Ce qui est vrai, par contre, c’est que quand l’étudiant étranger souhaite rester en France plus d’un an, il doit renouveler son titre de séjour à la fin de l’année. Et donc retourner à la préfecture – ce qui n’a rien d’une partie de plaisir. Si certains fonctionnaires sont aimables et dévoués, d’autres sont aussi sympathiques qu’une porte de prison. Ezgi, 21 ans, étudiante turque à la Sorbonne nouvelle, en a fait récemment les frais. Au guichet, son interlocutrice ne lui a dit ni bonjour, ni au revoir. Elle lui a parlé « d’un ton froid, de manière impolie. (…) Et puis, elle répétait toujours :  ‘C’est pas bon, c’est pas bon.‘’  » L’agente a même refusé de lui prêter un stylo dont elle ne se servait pas, alors qu’Ezgi en avait expressément besoin.

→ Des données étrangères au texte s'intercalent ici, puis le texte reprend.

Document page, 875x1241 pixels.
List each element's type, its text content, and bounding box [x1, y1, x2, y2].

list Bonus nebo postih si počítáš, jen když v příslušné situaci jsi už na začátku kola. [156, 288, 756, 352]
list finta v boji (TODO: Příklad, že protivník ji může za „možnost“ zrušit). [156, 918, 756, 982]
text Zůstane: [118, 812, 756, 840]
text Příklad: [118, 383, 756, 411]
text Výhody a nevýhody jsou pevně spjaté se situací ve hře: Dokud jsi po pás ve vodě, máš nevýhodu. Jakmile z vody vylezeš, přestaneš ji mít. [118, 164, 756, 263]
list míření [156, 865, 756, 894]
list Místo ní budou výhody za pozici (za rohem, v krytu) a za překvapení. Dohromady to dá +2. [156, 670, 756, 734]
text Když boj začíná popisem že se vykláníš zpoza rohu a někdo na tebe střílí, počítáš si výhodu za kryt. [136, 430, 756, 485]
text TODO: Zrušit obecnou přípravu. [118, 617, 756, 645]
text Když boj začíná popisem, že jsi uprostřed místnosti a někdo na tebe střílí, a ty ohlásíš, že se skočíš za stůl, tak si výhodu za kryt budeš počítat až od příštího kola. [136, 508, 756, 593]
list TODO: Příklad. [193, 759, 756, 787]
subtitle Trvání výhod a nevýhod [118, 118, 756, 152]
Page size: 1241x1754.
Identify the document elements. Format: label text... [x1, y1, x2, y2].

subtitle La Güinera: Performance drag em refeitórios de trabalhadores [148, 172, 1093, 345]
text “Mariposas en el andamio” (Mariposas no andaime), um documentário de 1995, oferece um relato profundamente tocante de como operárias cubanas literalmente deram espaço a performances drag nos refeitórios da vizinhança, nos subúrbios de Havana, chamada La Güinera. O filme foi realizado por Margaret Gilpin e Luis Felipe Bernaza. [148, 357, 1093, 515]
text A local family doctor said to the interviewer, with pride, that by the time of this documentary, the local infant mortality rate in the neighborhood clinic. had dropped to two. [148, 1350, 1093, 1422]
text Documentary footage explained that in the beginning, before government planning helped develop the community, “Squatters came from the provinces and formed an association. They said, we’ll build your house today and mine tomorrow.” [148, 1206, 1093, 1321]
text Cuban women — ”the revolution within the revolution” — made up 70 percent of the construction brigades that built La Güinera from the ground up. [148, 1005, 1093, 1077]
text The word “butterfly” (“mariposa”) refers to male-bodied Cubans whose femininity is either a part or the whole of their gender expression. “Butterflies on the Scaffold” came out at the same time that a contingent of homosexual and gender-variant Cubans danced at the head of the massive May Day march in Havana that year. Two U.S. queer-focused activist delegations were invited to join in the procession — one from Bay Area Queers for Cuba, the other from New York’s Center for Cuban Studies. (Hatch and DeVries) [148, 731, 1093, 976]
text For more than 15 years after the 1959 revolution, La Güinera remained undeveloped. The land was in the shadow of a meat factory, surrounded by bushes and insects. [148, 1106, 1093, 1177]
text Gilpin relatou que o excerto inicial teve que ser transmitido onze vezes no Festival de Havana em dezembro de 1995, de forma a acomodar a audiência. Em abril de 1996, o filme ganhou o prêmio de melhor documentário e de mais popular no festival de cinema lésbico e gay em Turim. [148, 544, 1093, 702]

Mais cette petite humiliation n’est rien. La préfecture peut faire bien pire, en refusant de renouveler le titre de séjour si elle estime que l’étudiant n’a pas été assez sérieux à la fac. Sur le site Service-Public.fr, l’administration prévient : « Le caractère réel et sérieux de vos études est notamment vérifié au moyen de votre assiduité aux travaux dirigés (…) ; de vos résultats aux examens ; des diplômes que vous obtenez ; des explications que vous fournissez si vous changez de cursus. » A l’Unef Paris III, on se rappelle l’histoire d’un étudiant étranger tombé longuement malade l’année passée. Le jeune homme a réussi à valider son année malgré tout, mais n’a pu rendre qu’un mémoire de master 1 médiocre. A la préfecture, il a eu le plus grand mal à faire accepter l’idée de le laisser redoubler son master 1 pour écrire un mémoire correct, plutôt que de passer en master 2 dès cette année.

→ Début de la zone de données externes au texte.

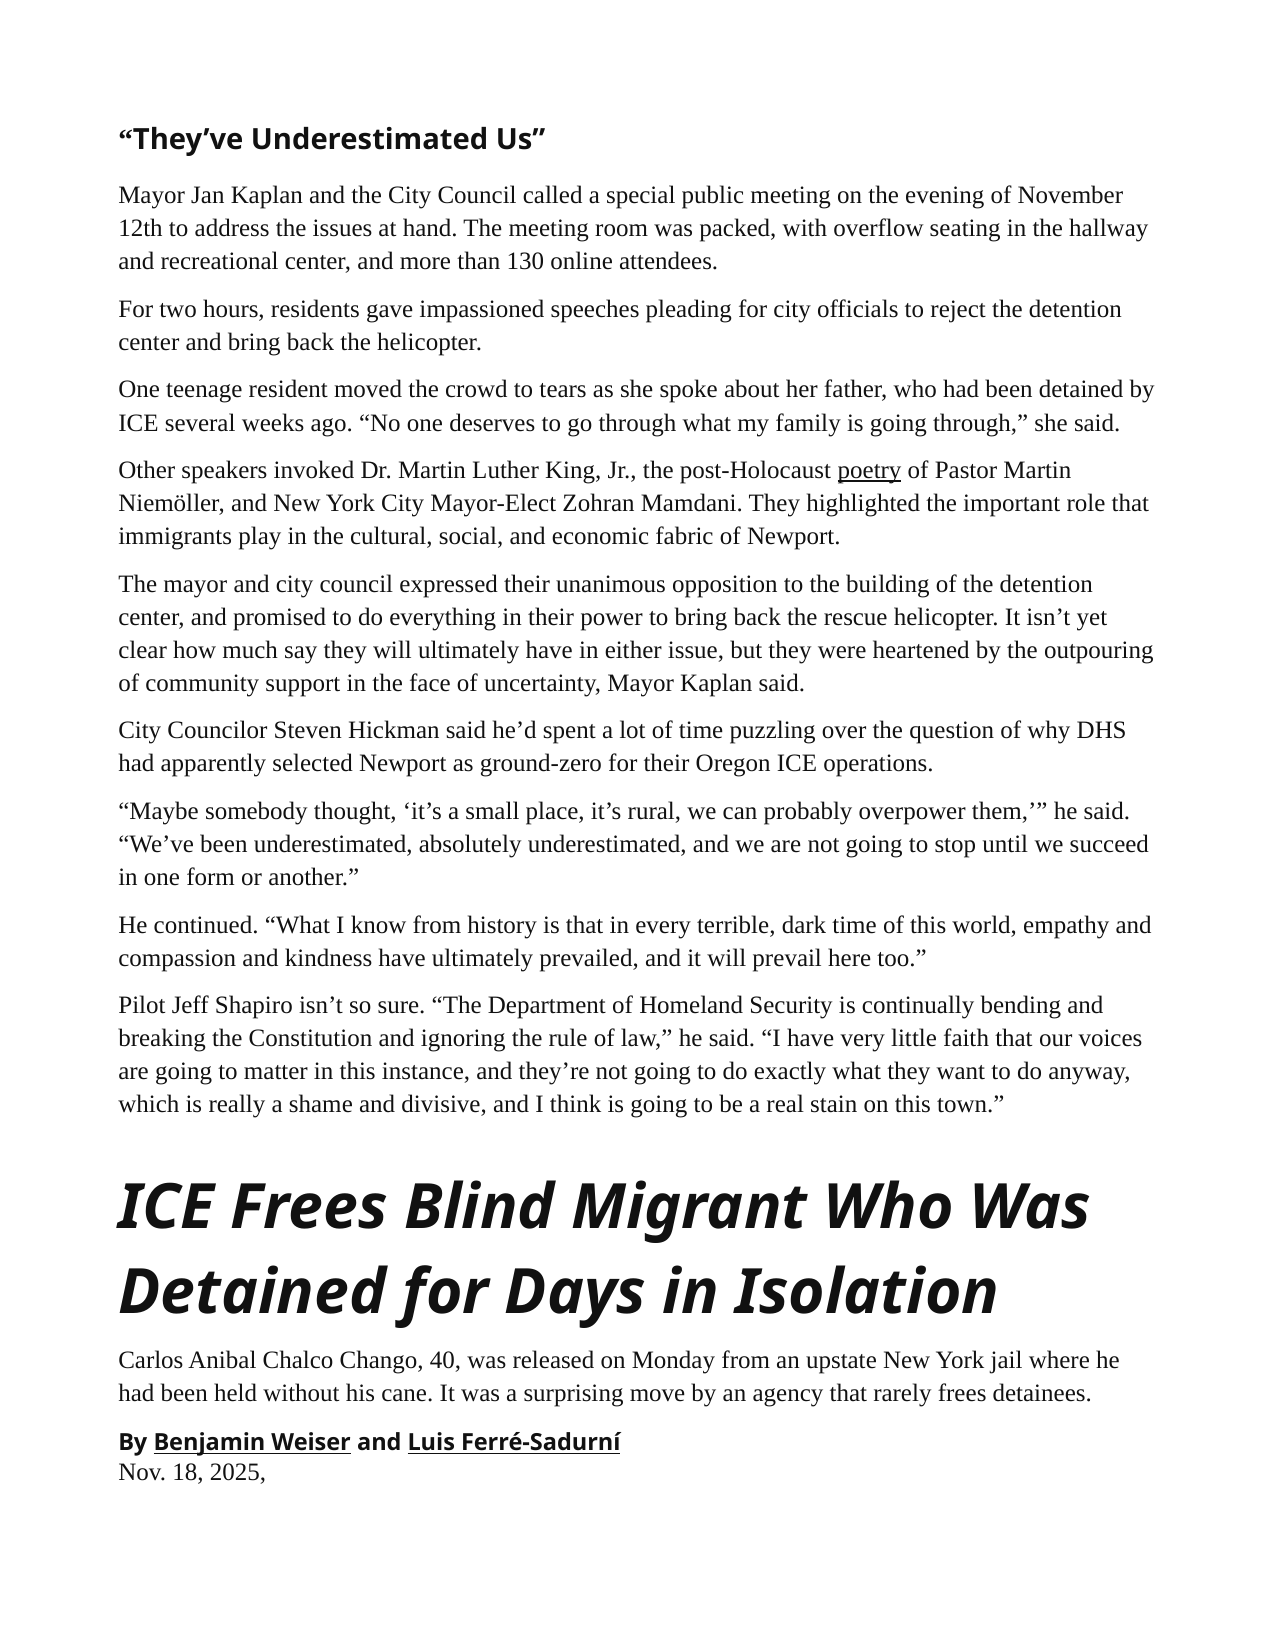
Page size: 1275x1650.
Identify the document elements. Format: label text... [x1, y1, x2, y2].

text By Benjamin Weiser and Luis Ferré-Sadurní [118, 1425, 1157, 1457]
subtitle ICE Frees Blind Migrant Who Was Detained for Days in Isolation [118, 1162, 1157, 1332]
text Other speakers invoked Dr. Martin Luther King, Jr., the post-Holocaust poetry of Pastor Martin Niemöller, and New York City Mayor-Elect Zohran Mamdani. They highlighted the important role that immigrants play in the cultural, social, and economic fabric of Newport. [118, 455, 1157, 550]
text Pilot Jeff Shapiro isn’t so sure. “The Department of Homeland Security is continually bending and breaking the Constitution and ignoring the rule of law,” he said. “I have very little faith that our voices are going to matter in this instance, and they’re not going to do exactly what they want to do anyway, which is really a shame and divisive, and I think is going to be a real stain on this town.” [118, 990, 1157, 1118]
text City Councilor Steven Hickman said he’d spent a lot of time puzzling over the question of why DHS had apparently selected Newport as ground-zero for their Oregon ICE operations. [118, 716, 1157, 777]
text For two hours, residents gave impassioned speeches pleading for city officials to reject the detention center and bring back the helicopter. [118, 294, 1157, 356]
text The mayor and city council expressed their unanimous opposition to the building of the detention center, and promised to do everything in their power to bring back the rescue helicopter. It isn’t yet clear how much say they will ultimately have in either issue, but they were heartened by the outpouring of community support in the face of uncertainty, Mayor Kaplan said. [118, 569, 1157, 697]
text He continued. “What I know from history is that in every terrible, dark time of this world, empathy and compassion and kindness have ultimately prevailed, and it will prevail here too.” [118, 910, 1157, 972]
text Mayor Jan Kaplan and the City Council called a special public meeting on the evening of November 12th to address the issues at hand. The meeting room was packed, with overflow seating in the hallway and recreational center, and more than 130 online attendees. [118, 180, 1157, 275]
text One teenage resident moved the crowd to tears as she spoke about her father, who had been detained by ICE several weeks ago. “No one deserves to go through what my family is going through,” she said. [118, 374, 1157, 436]
subtitle “They’ve Underestimated Us” [118, 118, 1157, 158]
text Carlos Anibal Chalco Chango, 40, was released on Monday from an upstate New York jail where he had been held without his cane. It was a surprising move by an agency that rarely frees detainees. [118, 1345, 1157, 1407]
text Nov. 18, 2025, [118, 1457, 1157, 1486]
text “Maybe somebody thought, ‘it’s a small place, it’s rural, we can probably overpower them,’” he said. “We’ve been underestimated, absolutely underestimated, and we are not going to stop until we succeed in one form or another.” [118, 796, 1157, 891]

Guilherme, lui, n’en est pas encore là : il vient d’arriver du Brésil, pour entamer une licence de cinéma. Les démarches pour venir en France ? « C’est presque une bataille, la guerre de la France », sourit le jeune homme, issu d’une « famille pauvre », pour qui réunir les quelques milliers d’euros nécessaires à l’obtention de son Visa a été « un grand problème ». Une fois vaincu les barrages administratifs, il ne reste plus que « la question de la saudade » – le mal du pays. A des milliers de kilomètres de Paris, d’autres attendent encore ou ont vu leur dossier recalé : ils ne connaîtront jamais la douceur des strapontins des amphis de Censier.

Clair Rivière

* D’après le site Service-Public.fr, l’étudiant étranger doit prouver qu’il dispose d’un minimum de 615 euros de ressources par mois.
** Prénom modifié.

Pratique : A la Sorbonne nouvelle, deux organisations aident les étudiants étrangers à boucler leurs demandes de titres de séjour : l’Unef (Union nationale des étudiants de France, permanence chaque lundi de 12 à 14 h en salle 333) et Rusf (Réseau universités sans frontière, permanence le 1er et 3e jeudi du mois de 13 à 14 h en salle 416 A).